DATA, LUGAR E DESTINATÁRIOS
Data
A tradição da Igreja
nos primeiros tempos situou o Evangelho de João no final do primeiro século,
como o último dos Evangelhos canônicos.
Alguns críticos defendem
uma data antes de 70 (mas depois de 65), tendo como base em algumas indicações
do texto que apontam para uma ideia de que a cidade de Jerusalém e o conjunto
arquitetônico do Templo ainda estariam funcionando, ou seja, antes de 70 d.C.; por
exemplo, o evangelista escreve: “Ora,
existe ali (em Jerusalém), junto à Porta das Ovelhas, um tanque” (Jo 5.2).

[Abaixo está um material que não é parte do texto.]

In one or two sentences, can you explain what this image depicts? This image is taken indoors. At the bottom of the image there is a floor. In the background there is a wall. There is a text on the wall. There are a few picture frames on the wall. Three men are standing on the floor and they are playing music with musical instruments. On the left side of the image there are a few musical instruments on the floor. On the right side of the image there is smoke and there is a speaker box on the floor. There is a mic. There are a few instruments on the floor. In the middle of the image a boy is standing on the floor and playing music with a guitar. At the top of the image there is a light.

O argumento seria conclusivo, como explica Carson, “a não ser pelo fato de que João frequentemente emprega o tempo presente
do grego para referir-se a algo no passado” (2001, p. 189). Um estudioso
chamado Erwin R. Goodenough, citado por Tenney, lançou a ideia de que João escreveu
seu Evangelho por volta do ano 40 d.C., mas não encontrou respaldo para uma
data tão primitiva (TENNEY, 1972, p. 197).
Outros por sua vez, cuja
tendência é rejeitar a autoria de João, o apóstolo e filho de Zebedeu, é optar por uma data o quanto mais
distante possível dos fatos registrados, onde alguns chegam a propor uma data
de 200 d.C.[1], entretanto, a
descoberta do Papiro 52, restringiu a circulação do quarto Evangelho a antes de 130 d.C., como nos
indica Champlin (1987, p. 251) em seu comentário, e posteriormente outro documento foi descoberto, o Egerton Papiro
2 (PACK, 1983, p. 19). Pelo fato de que a produção de cópias era um trabalho artesanal
e custoso, é possível que concluir que o autor o escreveu em um tempo anterior e
que nesta data já havia uma ampla divulgação de seu texto evangélico.
Reforçando ainda mais a tese de uma data no primeiro
século, temos as evidências de que o quarto evangelho foi largamente utilizado
em círculos gnósticos, dos quais é possível encontrar em suas literaturas
passagens similares aos evangelhos, inclusive o escrito por João.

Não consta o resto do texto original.